Le Dr. Nobbio me montre fièrement une série d’œillets pour connaisseurs : les ‘Cinesi’, plus petits, aux dessins rouge vif, nés du croisement de Dianthus caryophyllus avec Dianthus chinensis, et un hybride avec Dianthus superbus qui a donné des pétales très frangés.

Un autre fleuriste de Sanremo, M. Brea, a créé une belle variété miniature avec des fleurs de seulement 3-4 cm, parfaite pour les bouquets des restaurants, où les corolles ne doivent pas masquer les convives les uns des autres.

Plus ou moins discutées par la systématique moderne, attentive aux fleurs mais aussi aux ornements polliniques, les espèces botaniques d’œillets sont environ 300, répandues en Europe, en Afrique de l’Est, en Afrique du Sud, et dans une grande partie de l’Asie jusque dans l’Himalaya et au Japon.

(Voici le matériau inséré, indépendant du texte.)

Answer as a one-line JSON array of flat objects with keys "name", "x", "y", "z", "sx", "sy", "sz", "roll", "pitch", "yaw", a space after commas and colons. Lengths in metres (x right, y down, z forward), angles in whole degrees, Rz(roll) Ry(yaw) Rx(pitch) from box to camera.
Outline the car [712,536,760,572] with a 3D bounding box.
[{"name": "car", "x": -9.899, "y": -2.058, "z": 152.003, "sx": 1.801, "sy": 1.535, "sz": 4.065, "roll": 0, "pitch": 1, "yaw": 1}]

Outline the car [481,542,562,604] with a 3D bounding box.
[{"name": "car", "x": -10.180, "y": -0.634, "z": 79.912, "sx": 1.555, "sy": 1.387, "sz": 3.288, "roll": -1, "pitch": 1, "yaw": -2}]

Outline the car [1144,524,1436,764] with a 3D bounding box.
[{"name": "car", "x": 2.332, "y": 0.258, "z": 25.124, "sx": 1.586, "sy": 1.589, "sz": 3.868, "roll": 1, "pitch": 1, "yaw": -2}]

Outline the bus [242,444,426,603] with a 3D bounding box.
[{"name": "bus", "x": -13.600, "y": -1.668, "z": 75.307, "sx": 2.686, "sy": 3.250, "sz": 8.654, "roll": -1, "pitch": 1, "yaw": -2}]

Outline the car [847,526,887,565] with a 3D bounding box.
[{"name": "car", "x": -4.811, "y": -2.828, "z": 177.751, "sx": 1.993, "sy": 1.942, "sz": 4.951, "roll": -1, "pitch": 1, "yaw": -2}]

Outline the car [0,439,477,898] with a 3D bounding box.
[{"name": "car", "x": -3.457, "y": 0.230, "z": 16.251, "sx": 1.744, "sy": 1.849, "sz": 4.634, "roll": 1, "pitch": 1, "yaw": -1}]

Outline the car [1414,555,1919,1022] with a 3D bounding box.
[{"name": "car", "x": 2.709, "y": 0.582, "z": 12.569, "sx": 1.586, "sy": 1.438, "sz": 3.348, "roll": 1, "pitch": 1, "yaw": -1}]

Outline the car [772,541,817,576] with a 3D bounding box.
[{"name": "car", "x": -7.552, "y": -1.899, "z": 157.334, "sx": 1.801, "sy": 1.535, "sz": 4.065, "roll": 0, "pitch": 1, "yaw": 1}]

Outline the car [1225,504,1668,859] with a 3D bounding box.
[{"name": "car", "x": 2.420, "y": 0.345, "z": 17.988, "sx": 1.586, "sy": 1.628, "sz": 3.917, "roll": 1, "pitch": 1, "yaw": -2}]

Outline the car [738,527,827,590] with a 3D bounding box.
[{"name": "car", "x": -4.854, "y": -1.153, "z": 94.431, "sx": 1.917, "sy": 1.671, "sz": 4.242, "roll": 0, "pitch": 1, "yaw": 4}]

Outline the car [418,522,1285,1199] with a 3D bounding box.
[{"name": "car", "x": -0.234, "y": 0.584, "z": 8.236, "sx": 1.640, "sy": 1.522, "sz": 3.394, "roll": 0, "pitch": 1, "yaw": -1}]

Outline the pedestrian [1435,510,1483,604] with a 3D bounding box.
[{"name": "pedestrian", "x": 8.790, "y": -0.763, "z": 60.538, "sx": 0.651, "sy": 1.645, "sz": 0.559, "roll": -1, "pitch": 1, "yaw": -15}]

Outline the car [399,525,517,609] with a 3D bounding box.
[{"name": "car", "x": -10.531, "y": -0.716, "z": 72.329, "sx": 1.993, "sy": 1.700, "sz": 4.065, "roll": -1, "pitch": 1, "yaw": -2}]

Et c’est surtout sur ces dernières que se concentre l’intérêt des paysagistes, même s’il existe aujourd’hui une variété naine de Dianthus caryophyllus pour les bordures.

Les espèces les plus utilisées dans les rocailles, adaptées également aux terrasses et aux balcons, sont les œillets à delta (Dianthus deltoides) et les œillets des chartreux (Dianthus carthus carthusianorum), petites touffes en fleurs tout l’été, spontanées aussi en Italie dans les champs ; les œillets de Chine (Dianthus chinensis), déjà mentionnés, d’une hauteur maximale de 20 cm, éclosent de mai à août, avec un parfum intense surtout au coucher du soleil et les jours humides ; et les œillets des poètes (Dianthus barbatus), qui, en juin-juillet, forment des grappes de petites corolles réunies sur une même tige en inflorescences de 8-15 cm.

Également très beaux et disponibles dans les pépinières de montagne sont les œillets des Alpes (Dianthus alpinus), aux coussinets compacts d’à peine 10 cm couverts de corolles de 3-4 cm de diamètre, et les œillets des glaciers (Dianthus glacialis) qu’on trouve dans la nature en limite des neiges éternelles.

Même si des parasites insidieux comme les pucerons et les araignées rouges sont souvent aux aguets, et si la stagnation de l’eau peut facilement provoquer l’apparition de moisissures, pourritures et champignons, la culture de toutes ces espèces est, dans l’ensemble, assez simple. Vivaces mais souvent peu longévives, elles se multiplient cependant facilement par bouturage et par semis et n’ont besoin que d’un sol calcaire, bien drainé avec des apports de sable, d’engrais, et surtout de beaucoup de soleil.